Saved data entries
◇ ◇ ◇
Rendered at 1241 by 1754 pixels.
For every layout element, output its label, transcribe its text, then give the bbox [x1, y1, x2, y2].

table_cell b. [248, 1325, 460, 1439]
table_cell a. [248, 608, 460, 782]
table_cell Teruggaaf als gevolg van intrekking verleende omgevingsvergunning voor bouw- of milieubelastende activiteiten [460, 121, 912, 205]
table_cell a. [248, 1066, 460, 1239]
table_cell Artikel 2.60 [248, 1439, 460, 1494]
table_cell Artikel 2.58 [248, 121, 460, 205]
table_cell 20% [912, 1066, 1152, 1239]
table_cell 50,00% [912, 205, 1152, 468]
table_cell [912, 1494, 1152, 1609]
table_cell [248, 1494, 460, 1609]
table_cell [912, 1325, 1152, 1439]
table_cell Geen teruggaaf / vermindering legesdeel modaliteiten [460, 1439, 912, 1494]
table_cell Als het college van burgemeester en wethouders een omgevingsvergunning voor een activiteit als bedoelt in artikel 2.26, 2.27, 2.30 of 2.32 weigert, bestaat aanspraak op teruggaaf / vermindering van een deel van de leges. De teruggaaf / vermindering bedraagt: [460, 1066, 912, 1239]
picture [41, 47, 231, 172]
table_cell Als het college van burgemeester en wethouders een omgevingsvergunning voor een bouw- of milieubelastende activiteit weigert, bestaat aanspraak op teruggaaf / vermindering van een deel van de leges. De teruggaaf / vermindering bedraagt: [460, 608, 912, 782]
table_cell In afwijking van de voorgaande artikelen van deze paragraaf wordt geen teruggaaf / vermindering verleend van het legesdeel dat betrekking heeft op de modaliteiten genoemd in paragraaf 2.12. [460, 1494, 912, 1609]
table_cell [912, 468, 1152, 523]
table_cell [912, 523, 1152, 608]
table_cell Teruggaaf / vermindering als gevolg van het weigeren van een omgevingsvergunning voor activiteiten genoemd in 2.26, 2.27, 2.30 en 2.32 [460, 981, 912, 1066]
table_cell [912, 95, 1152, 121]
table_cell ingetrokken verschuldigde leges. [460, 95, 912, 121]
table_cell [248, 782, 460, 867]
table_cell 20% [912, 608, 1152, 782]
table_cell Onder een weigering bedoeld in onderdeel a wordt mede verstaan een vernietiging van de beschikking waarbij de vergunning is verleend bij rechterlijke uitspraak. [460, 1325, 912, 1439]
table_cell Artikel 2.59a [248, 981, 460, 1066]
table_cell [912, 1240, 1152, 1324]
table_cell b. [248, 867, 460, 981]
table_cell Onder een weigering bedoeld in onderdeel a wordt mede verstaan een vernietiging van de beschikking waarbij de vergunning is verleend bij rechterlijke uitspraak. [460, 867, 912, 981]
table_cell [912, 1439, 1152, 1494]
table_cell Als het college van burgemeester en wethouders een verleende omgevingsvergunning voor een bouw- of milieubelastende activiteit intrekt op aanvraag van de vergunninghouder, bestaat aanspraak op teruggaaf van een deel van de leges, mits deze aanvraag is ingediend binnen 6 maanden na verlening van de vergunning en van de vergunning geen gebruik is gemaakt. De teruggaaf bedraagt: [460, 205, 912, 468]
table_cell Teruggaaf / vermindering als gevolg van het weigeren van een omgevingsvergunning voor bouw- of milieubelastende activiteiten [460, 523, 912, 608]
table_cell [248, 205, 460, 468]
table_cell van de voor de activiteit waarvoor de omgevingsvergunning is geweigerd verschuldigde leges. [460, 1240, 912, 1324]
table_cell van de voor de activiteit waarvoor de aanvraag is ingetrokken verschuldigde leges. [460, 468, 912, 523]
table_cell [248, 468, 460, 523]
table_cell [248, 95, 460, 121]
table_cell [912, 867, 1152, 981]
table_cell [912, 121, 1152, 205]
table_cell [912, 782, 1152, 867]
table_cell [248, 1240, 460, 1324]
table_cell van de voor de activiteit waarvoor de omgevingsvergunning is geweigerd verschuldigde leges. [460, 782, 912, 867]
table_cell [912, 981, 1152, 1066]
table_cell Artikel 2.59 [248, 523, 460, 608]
◇ ◇ ◇
A faithful, word-for-word transcription of the data above is required.

Rendered at 1241 by 1754 pixels.
For every layout element, output its label, transcribe its text, then give the bbox [x1, y1, x2, y2].

table_cell b. [248, 1325, 460, 1439]
table_cell a. [248, 608, 460, 782]
table_cell Teruggaaf als gevolg van intrekking verleende omgevingsvergunning voor bouw- of milieubelastende activiteiten [460, 121, 912, 205]
table_cell a. [248, 1066, 460, 1239]
table_cell Artikel 2.60 [248, 1439, 460, 1494]
table_cell Artikel 2.58 [248, 121, 460, 205]
table_cell 20% [912, 1066, 1152, 1239]
table_cell 50,00% [912, 205, 1152, 468]
table_cell [912, 1494, 1152, 1609]
table_cell [248, 1494, 460, 1609]
table_cell [912, 1325, 1152, 1439]
table_cell Geen teruggaaf / vermindering legesdeel modaliteiten [460, 1439, 912, 1494]
table_cell Als het college van burgemeester en wethouders een omgevingsvergunning voor een activiteit als bedoelt in artikel 2.26, 2.27, 2.30 of 2.32 weigert, bestaat aanspraak op teruggaaf / vermindering van een deel van de leges. De teruggaaf / vermindering bedraagt: [460, 1066, 912, 1239]
picture [41, 47, 231, 172]
table_cell Als het college van burgemeester en wethouders een omgevingsvergunning voor een bouw- of milieubelastende activiteit weigert, bestaat aanspraak op teruggaaf / vermindering van een deel van de leges. De teruggaaf / vermindering bedraagt: [460, 608, 912, 782]
table_cell In afwijking van de voorgaande artikelen van deze paragraaf wordt geen teruggaaf / vermindering verleend van het legesdeel dat betrekking heeft op de modaliteiten genoemd in paragraaf 2.12. [460, 1494, 912, 1609]
table_cell [912, 468, 1152, 523]
table_cell [912, 523, 1152, 608]
table_cell Teruggaaf / vermindering als gevolg van het weigeren van een omgevingsvergunning voor activiteiten genoemd in 2.26, 2.27, 2.30 en 2.32 [460, 981, 912, 1066]
table_cell [912, 95, 1152, 121]
table_cell ingetrokken verschuldigde leges. [460, 95, 912, 121]
table_cell [248, 782, 460, 867]
table_cell 20% [912, 608, 1152, 782]
table_cell Onder een weigering bedoeld in onderdeel a wordt mede verstaan een vernietiging van de beschikking waarbij de vergunning is verleend bij rechterlijke uitspraak. [460, 1325, 912, 1439]
table_cell Artikel 2.59a [248, 981, 460, 1066]
table_cell [912, 1240, 1152, 1324]
table_cell b. [248, 867, 460, 981]
table_cell Onder een weigering bedoeld in onderdeel a wordt mede verstaan een vernietiging van de beschikking waarbij de vergunning is verleend bij rechterlijke uitspraak. [460, 867, 912, 981]
table_cell [912, 1439, 1152, 1494]
table_cell Als het college van burgemeester en wethouders een verleende omgevingsvergunning voor een bouw- of milieubelastende activiteit intrekt op aanvraag van de vergunninghouder, bestaat aanspraak op teruggaaf van een deel van de leges, mits deze aanvraag is ingediend binnen 6 maanden na verlening van de vergunning en van de vergunning geen gebruik is gemaakt. De teruggaaf bedraagt: [460, 205, 912, 468]
table_cell Teruggaaf / vermindering als gevolg van het weigeren van een omgevingsvergunning voor bouw- of milieubelastende activiteiten [460, 523, 912, 608]
table_cell [248, 205, 460, 468]
table_cell van de voor de activiteit waarvoor de omgevingsvergunning is geweigerd verschuldigde leges. [460, 1240, 912, 1324]
table_cell van de voor de activiteit waarvoor de aanvraag is ingetrokken verschuldigde leges. [460, 468, 912, 523]
table_cell [248, 468, 460, 523]
table_cell [248, 95, 460, 121]
table_cell [912, 867, 1152, 981]
table_cell [912, 121, 1152, 205]
table_cell [912, 782, 1152, 867]
table_cell [248, 1240, 460, 1324]
table_cell van de voor de activiteit waarvoor de omgevingsvergunning is geweigerd verschuldigde leges. [460, 782, 912, 867]
table_cell [912, 981, 1152, 1066]
table_cell Artikel 2.59 [248, 523, 460, 608]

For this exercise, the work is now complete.